Blog Reset

My first web page was written in October 1994 and was hosted on my Centris 650 (a Macintosh), running at 25 MHz, with 8 MB of RAM. The server software was Chuck Shotton’s MacHTTP. I was a sophomore in a Bachelor of Science in Physics program at Drexel University in Philadelphia. The previous month I had been a volunteer in the university’s “Connectivity Fair,” demonstrating to students and faculty some exciting software called Mosaic (and MacWeb). It allowed you to access the Internet via a graphical interface, rather than text-only via FTP, Gopher, Telnet, IRC, and the like.

Drexel had installed two Ethernet ports in each dorm room over the summer of 1994, providing each residential student with a direct, high-speed connection to the Internet. The connection included permanent IP addresses which allowed us to run our own servers reachable from anywhere else on the Internet. I installed MacHTTP and coded my own web pages using SimpleText, a basic text editor. I learned HTML by reading a few basic introduction pages and then looking at the source code of other websites. Around the same time, the 0.93beta of Netscape was released – a commercial (though free to education users) new web browser made by the former students who had created Mosaic. There were many opportunities to work with school departments to leverage this new media to further academic goals.

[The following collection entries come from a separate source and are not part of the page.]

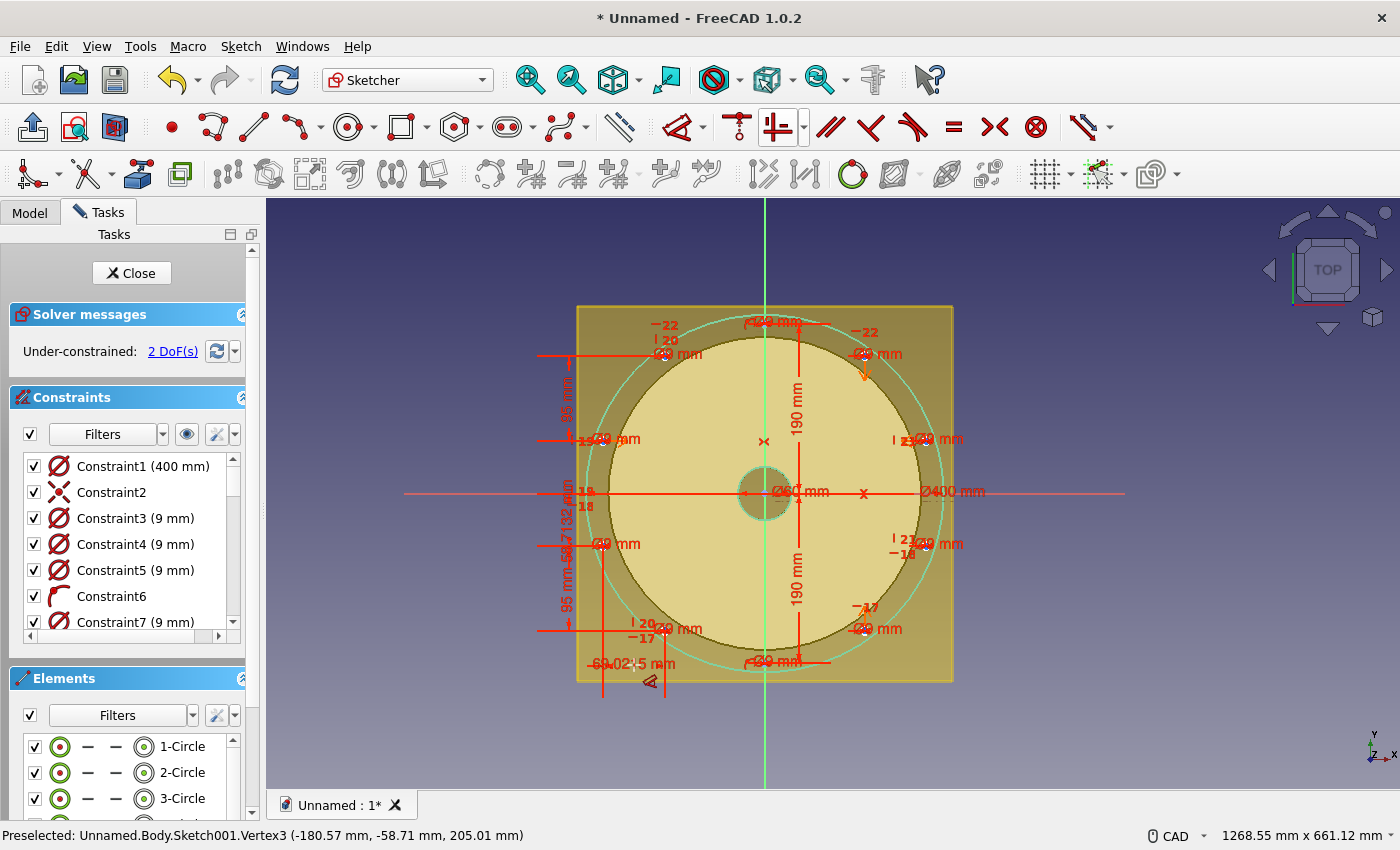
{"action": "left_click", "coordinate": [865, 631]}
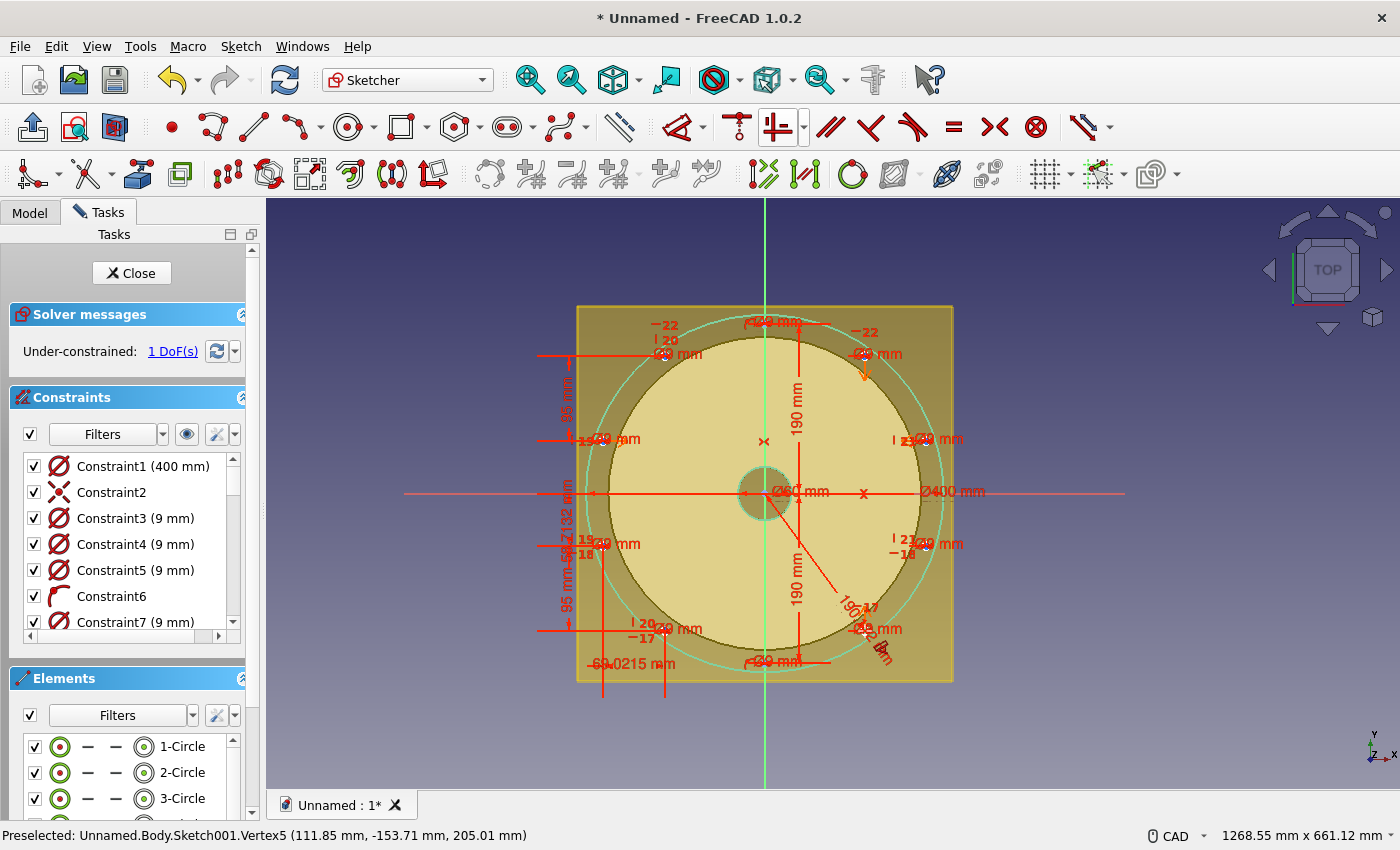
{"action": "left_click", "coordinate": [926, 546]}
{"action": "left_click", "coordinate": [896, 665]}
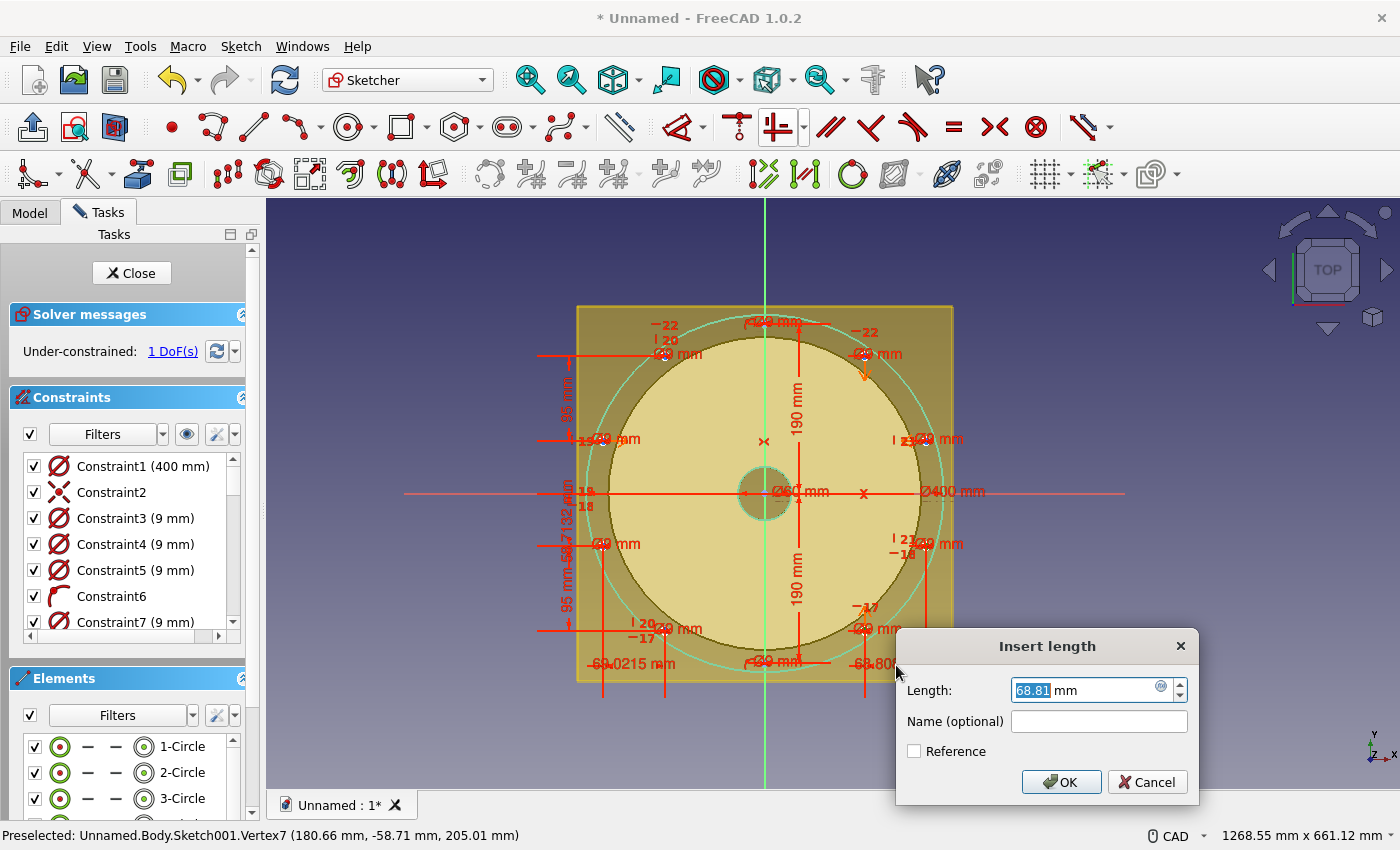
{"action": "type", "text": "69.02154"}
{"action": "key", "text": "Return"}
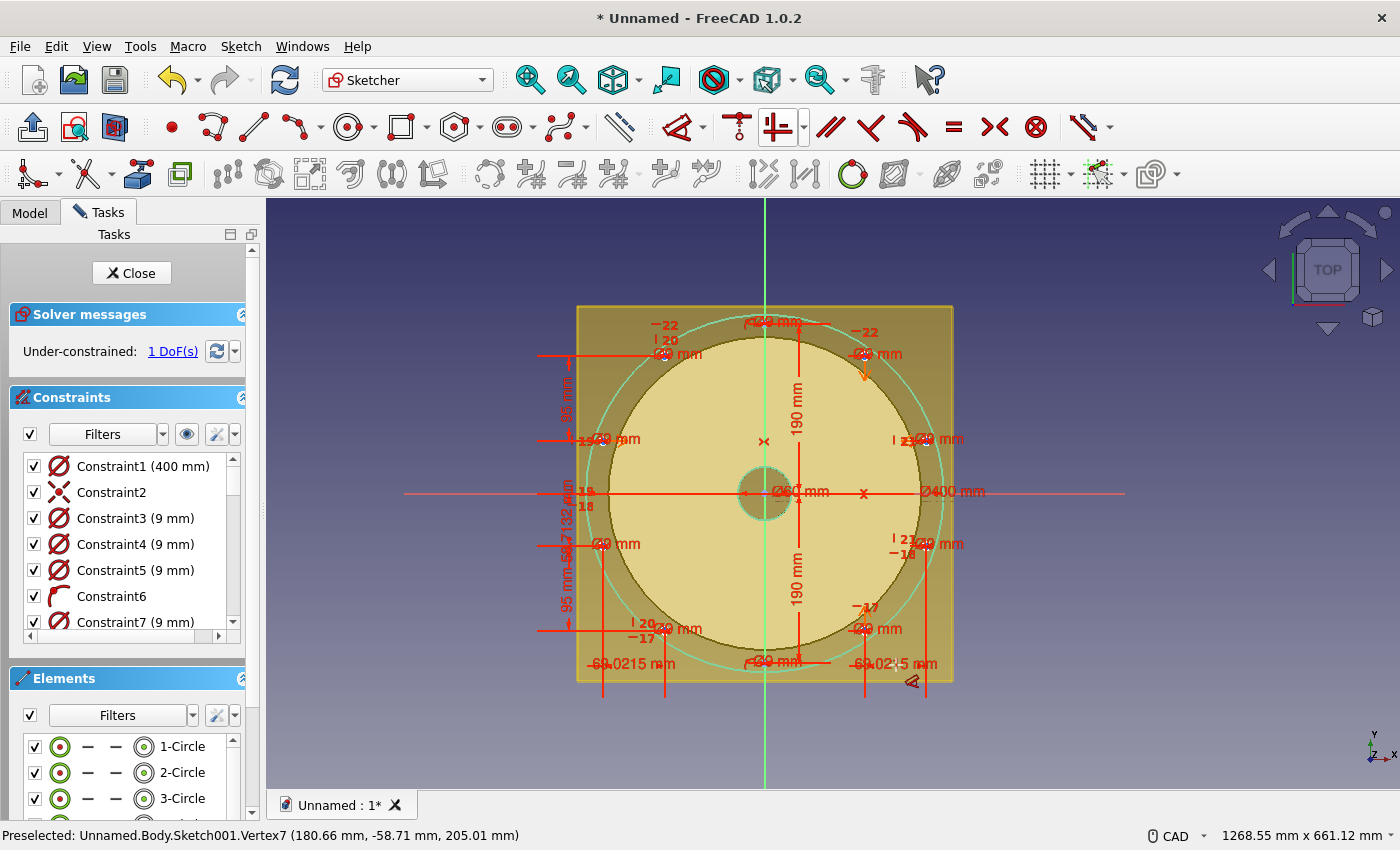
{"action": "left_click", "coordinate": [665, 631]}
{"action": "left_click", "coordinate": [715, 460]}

Fast forward to today. After graduating from Drexel, I moved from physics to computer consulting, developing database systems, building e-commerce sites, designing workflow automation processes, and much more. I blogged some of my thoughts on technology over the years, but most of that material is very outdated (I may bring over anything I think is still interesting, even if only for humor’s sake). I found myself becoming more and more fascinated, and often infuriated, by the results of the intersection of law and technology. Here were two powerful forces, one designed to be conservative and deliberate, the other often chaotic and swift. The law tried to cope with new technology, while technology at first thought that law was irrelevant. The tangles of human behavior that created led me to want to get involved on both sides of the equation. So, I went to law school – the Benjamin N. Cardozo School of Law, New York, NY.

Three years and many hours of stimulating (or not-so-stimulating) lectures later, I am a new attorney. Admitted in New Jersey, pending application in New York, earning some money via my old career, while seeking a legal career in a difficult market. Part of that search involves upgrading my website to develop my professional brand. Thus, the blog reset. My intention is to post commentary on (or sometimes merely citations to) interesting legal and tech news.